The Supreme Court just changed the “definiteness” requirement for patents

by John Roberts on June 2, 2014

Today the U.S. Supreme Court in Nautilus, Inc. v. Biosig Instruments, Inc. changed the standard for definiteness required to fulfill the statutory requirement that patent claims particularly point out and distinctly claim the subject matter that the applicant regards as the invention. In Nautilus, the U.S. Supreme Court unanimously rejected the “insolubly ambiguous” standard previously set out by the Federal Circuit:

It cannot be sufficient that a court can ascribe some meaning to a patent’s claims; the definiteness inquiry trains on the understanding of a skilled artisan at the time of the patent application, not that of a court viewing matters post hoc. To tolerate imprecision just short of that rendering a claim “insolubly ambiguous” would diminish the definiteness requirement’s public-notice function and foster the innovation-discouraging “zone of uncertainty,” against which this Court has warned.

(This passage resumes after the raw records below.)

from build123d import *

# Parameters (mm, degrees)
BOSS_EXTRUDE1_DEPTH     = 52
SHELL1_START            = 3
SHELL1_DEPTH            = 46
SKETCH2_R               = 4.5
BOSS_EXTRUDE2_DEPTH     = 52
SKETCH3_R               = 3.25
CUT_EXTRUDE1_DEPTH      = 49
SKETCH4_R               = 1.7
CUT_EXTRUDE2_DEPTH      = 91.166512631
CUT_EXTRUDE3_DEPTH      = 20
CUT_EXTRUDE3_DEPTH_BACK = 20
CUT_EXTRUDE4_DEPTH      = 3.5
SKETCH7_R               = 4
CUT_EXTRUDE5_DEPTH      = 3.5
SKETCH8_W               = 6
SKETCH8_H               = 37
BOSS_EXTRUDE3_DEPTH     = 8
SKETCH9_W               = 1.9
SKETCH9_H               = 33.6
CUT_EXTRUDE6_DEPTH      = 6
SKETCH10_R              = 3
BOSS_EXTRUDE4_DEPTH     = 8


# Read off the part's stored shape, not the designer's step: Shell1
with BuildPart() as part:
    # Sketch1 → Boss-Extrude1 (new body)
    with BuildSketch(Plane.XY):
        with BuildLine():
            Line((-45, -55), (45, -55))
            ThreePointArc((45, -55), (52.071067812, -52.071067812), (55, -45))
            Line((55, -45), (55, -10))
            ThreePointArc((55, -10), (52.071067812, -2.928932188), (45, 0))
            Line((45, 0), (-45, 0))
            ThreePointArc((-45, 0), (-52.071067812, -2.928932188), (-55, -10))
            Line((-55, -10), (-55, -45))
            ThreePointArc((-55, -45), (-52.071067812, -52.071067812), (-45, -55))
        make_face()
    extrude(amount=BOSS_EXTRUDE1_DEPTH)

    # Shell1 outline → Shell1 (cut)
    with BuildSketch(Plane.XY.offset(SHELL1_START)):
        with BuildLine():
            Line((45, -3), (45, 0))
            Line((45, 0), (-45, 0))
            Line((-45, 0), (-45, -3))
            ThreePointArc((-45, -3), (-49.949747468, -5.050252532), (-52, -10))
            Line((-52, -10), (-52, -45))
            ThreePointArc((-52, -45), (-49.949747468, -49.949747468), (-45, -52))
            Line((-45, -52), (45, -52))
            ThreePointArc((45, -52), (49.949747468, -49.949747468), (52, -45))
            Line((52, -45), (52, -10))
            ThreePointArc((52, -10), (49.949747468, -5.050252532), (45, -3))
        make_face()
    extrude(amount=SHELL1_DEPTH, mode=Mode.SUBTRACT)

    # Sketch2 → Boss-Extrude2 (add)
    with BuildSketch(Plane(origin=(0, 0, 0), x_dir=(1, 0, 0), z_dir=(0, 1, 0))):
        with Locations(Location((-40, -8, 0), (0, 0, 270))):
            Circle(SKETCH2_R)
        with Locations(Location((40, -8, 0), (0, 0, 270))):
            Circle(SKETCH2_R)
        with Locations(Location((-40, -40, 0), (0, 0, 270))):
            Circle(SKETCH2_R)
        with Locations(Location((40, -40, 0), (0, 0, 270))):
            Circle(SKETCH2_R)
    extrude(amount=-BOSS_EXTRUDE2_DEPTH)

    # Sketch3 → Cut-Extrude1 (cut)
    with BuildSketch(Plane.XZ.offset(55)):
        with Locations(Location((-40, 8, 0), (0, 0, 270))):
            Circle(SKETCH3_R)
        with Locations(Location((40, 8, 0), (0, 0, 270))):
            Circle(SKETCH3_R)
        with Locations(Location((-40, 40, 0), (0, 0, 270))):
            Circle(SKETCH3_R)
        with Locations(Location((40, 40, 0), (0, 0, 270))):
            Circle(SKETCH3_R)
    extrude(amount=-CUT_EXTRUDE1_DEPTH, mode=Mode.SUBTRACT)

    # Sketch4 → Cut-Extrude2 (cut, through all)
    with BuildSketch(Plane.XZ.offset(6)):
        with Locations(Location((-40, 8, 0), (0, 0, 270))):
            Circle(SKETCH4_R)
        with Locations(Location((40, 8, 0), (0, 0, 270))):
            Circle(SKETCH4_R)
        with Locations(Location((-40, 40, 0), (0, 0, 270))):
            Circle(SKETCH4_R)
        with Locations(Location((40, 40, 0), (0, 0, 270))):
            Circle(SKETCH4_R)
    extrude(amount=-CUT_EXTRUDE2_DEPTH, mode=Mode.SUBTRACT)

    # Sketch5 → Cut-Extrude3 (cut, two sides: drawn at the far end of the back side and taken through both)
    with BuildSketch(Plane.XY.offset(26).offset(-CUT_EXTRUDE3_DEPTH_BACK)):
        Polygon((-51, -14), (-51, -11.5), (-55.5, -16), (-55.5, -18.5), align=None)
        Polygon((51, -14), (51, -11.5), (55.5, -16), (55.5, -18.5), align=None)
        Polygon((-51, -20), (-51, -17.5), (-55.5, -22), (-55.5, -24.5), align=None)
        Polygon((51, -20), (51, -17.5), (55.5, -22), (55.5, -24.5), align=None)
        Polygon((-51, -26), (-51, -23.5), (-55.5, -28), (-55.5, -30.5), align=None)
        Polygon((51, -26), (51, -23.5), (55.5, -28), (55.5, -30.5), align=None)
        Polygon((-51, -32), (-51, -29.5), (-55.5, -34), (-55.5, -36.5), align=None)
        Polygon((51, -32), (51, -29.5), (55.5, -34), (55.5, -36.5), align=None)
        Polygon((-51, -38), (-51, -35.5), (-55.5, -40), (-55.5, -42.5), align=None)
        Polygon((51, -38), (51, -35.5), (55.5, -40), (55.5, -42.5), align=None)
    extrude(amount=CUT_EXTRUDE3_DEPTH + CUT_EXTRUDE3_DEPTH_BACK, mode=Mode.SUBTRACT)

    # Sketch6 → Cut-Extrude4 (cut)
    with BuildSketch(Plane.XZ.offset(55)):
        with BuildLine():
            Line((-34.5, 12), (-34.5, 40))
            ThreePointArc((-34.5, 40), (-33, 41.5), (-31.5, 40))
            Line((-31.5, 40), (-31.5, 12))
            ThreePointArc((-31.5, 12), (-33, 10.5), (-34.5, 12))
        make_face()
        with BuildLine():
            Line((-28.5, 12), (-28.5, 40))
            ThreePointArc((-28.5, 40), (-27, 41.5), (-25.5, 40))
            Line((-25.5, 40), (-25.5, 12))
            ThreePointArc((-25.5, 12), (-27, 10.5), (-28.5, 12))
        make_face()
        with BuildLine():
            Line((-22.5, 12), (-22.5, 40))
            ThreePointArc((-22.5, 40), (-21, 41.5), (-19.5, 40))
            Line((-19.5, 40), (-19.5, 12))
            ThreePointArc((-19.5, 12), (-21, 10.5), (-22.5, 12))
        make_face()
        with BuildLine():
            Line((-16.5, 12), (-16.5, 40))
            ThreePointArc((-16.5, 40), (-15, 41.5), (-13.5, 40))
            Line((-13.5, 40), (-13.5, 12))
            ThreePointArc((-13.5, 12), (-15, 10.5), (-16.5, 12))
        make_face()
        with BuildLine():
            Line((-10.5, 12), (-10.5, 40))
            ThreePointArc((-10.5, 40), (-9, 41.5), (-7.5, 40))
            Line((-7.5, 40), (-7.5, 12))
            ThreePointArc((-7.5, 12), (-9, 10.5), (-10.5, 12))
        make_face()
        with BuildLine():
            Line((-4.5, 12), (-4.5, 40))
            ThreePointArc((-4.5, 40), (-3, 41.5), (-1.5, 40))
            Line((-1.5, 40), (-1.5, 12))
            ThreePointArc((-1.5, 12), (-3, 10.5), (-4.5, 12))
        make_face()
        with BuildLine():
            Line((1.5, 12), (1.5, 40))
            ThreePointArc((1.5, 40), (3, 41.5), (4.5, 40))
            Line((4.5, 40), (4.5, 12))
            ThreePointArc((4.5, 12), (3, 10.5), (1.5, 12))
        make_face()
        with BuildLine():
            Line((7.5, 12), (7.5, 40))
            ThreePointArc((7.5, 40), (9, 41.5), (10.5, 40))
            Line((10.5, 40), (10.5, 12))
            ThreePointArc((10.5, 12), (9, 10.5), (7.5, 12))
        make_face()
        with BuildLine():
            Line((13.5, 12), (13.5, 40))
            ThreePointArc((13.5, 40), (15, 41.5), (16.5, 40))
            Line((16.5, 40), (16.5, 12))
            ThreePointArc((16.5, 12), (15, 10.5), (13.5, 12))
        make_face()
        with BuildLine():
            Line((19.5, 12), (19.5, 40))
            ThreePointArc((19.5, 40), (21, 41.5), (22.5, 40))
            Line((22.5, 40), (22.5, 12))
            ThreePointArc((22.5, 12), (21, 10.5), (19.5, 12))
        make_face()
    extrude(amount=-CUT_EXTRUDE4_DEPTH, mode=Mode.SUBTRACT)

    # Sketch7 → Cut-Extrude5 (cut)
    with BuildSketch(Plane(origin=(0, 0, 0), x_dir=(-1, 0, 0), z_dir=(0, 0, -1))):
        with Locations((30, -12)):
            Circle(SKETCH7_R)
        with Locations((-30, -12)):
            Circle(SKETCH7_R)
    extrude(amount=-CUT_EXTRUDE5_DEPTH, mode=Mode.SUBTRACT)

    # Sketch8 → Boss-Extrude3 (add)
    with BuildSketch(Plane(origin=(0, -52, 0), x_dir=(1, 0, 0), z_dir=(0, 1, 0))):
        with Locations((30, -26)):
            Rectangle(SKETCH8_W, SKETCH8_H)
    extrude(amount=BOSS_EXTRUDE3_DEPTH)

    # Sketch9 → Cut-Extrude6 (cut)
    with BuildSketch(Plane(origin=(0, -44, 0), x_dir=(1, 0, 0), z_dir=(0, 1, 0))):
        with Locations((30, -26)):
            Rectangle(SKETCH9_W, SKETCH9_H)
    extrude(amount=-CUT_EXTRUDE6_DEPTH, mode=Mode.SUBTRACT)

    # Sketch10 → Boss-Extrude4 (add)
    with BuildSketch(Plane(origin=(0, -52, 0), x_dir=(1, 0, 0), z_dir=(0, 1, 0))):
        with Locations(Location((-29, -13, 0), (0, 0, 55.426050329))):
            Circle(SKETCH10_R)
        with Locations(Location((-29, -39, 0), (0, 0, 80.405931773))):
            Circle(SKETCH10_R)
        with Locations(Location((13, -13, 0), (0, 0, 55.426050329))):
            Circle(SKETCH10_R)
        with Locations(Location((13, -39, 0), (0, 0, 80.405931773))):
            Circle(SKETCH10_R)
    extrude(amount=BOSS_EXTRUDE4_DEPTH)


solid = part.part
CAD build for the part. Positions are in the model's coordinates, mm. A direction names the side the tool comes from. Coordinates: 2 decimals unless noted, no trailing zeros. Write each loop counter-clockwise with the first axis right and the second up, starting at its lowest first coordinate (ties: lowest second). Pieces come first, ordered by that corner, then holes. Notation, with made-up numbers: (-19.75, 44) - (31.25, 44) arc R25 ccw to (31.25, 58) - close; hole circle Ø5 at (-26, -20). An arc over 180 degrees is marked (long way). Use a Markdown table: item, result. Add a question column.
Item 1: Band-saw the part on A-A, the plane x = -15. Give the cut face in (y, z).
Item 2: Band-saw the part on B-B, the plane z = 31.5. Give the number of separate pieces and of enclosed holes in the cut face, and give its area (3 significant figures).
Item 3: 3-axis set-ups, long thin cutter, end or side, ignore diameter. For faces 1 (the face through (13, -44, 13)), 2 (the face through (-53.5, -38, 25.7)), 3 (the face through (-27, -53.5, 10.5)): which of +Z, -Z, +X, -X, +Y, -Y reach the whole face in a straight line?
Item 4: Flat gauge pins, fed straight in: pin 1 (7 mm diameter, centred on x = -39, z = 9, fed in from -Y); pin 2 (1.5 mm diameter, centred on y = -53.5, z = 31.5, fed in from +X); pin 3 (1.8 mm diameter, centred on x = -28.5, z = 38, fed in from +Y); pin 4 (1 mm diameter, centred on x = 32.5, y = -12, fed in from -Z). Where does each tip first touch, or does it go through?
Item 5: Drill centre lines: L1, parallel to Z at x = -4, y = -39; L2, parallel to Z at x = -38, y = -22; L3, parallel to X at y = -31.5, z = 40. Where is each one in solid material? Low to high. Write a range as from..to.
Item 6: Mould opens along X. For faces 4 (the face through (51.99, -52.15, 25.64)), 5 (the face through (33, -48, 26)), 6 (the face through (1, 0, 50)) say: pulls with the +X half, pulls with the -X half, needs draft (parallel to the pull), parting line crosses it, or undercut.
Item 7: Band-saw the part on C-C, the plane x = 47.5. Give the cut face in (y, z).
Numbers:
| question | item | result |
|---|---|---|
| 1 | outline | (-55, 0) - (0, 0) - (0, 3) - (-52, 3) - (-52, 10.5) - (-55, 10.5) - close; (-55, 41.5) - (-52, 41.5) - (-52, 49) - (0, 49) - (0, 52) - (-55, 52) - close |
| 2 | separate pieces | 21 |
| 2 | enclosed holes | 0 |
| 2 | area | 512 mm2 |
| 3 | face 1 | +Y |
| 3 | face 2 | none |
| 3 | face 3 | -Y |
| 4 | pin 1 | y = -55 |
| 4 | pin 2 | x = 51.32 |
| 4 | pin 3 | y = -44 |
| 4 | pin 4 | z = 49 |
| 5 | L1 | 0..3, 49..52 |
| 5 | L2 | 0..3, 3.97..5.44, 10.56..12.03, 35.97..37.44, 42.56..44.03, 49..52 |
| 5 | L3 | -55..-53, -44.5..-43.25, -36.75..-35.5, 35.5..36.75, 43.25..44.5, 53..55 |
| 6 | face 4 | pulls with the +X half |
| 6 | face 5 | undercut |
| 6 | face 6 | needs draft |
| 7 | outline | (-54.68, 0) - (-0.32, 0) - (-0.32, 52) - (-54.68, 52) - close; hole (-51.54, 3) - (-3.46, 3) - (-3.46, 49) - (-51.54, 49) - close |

No. 13-369, slip op. at 12 (June 2, 2014) (Citation omitted).

Instead, the Supreme Court announced a new, tougher standard for indefiniteness that requires “reasonable certainty,” holding that “a patent is invalid for indefiniteness if its claims, read in light of the specification delineating the patent, and the prosecution history, fail to inform, with reasonable certainty, those skilled in the art about the scope of the invention.” Id. at 1.

The Court explained that “a patent must be precise enough to afford clear notice of what is claimed, thereby apprising the public of what is still open to them.” Id. at 10 (Citations and quotations omitted). The Court viewed its holding as achieving the correct balance between opposing considerations, stating that “[t]he definiteness requirement, so understood, mandates clarity, while recognizing that absolute precision is unattainable.” Id. at 11.

This is yet another instance of the Supreme Court reversing the Federal Circuit and tightening standards to make patents harder to get and rendering more patents invalid.